BiomeSurvey

class BiomeSurvey(assembiles=None, *args, aggfunc='mean', groupby='label', **kwargs)[source]

Assembly-like Survey class for merging instances of BiomeAssembly

This class performs merging/pooling of _multiple independent studies or instances of EssentialBackboneBase (essentials) into single instance of BiomeAssembly -like class BiomeSurvey.

Parameters
  • assembiles (Optional[Sequence[pmaf.biome.assembly._assembly.BiomeAssembly]]) – essentials to pool.

  • *args – Unpacked essentials to pool. (Convenience)

  • aggfunc (Union[str, Callable, Tuple[Union[str, Callable], Union[str, Callable]], Dict[Union[str, int], Union[str, Callable, Dict[Optional[pmaf.biome.essentials._metakit.EssentialBackboneMetabase], Union[str, Callable]]]]]) – Aggregation method. Parameter take _multiple variations of aggregation approach. If str or Callable then aggfunc will be applied to both axes(feature and sample) and any essentials regardless of its type.
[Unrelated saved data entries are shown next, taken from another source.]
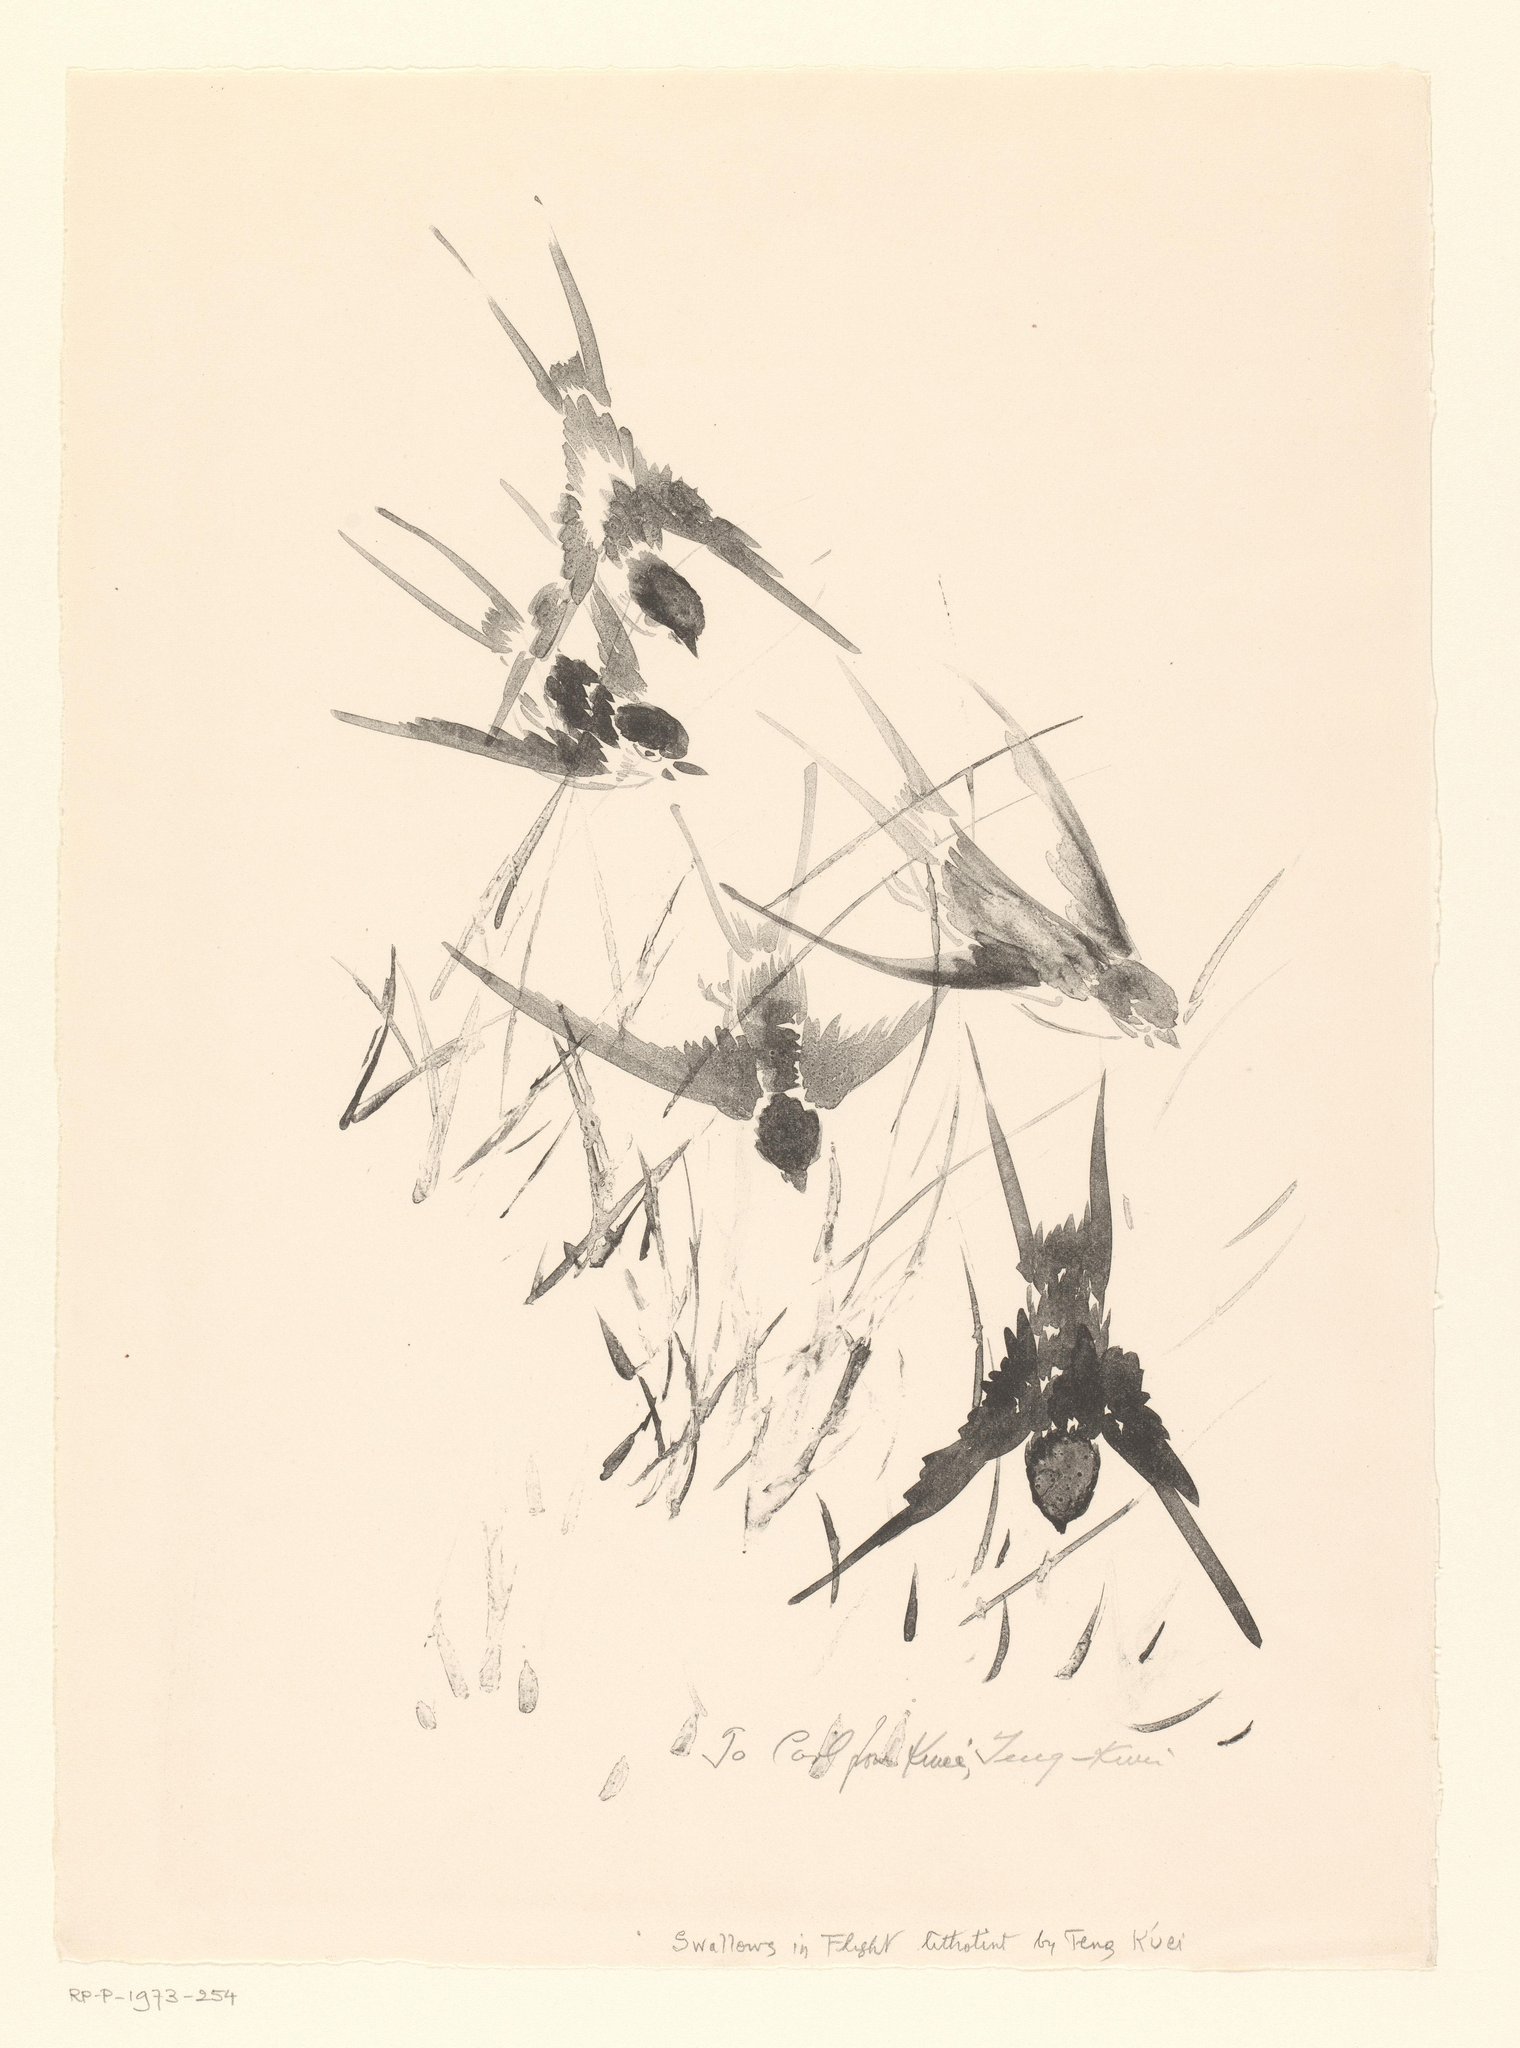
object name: print
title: Zwaluwen in hun vlucht
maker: kuei teng
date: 1930
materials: paper
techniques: lithograph
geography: china

To apply aggregation for each axis separately use tuple (for example, aggfunc=(‘sum’, ‘mean’)) where first aggregation method refers to feature axis and second to sample axis. To apply more complex aggregation use Dict type, where keys refer to axis like 0/feature for feature axis or 1/sample for sample axis. Values of the dictionary can refer to two approaches. First is when values are simply str or Callable, which is similar to using tuple. Second, is when using values with type Dict where dictionary values are str or Callable refer to aggregating function and keys are types or class of essentials (must have base abstract class EssentialBackboneMetabase ). Using this method each type of essential will be processed differently among instances of assemblies. Lastly, when using approach like Dict[axis, Dict[essential-type,*agg-func*]] using None for one of essential-type keys will assume that it refers to all remaining-types.

  • groupby (Union[str, Tuple[str, str], Dict[Union[int, str], str]]) – Grouping method. Parameters take _multiple variations similar to aggfunc. Variations are same as aggfunc with exception that values can be either label for both feature-axis or sample-axis like groupby=’label’ or groupby=(`label`, `label`) , or taxonomy for feature-axis only. Grouping by taxonomy will merge features with same consensus lineage.

  • **kwargs – Compatibility

  • args (Any) –

  • kwargs (Any) –

Attributes

assemblies

Tuple of surveyed assemblies.

controller

EssentialsController of essentials

essentials

List of essentials

metadata

The essential instance metadata.

name

The essential instance name.

shape

Return the shape/size of the essential instance.

xrid

Feature identifiers.

xsid

Sample identifiers.

Methods

copy()

Copy of the instance.

get_feature_ids([dtype])

This function and its sample twin is a rescue method to fix RepPhylogeny index problem.

get_sample_ids([dtype])

This function and its sample twin is a rescue method to fix RepPhylogeny index problem.

to_assembly()

Converts to the BiomeAssembly instance.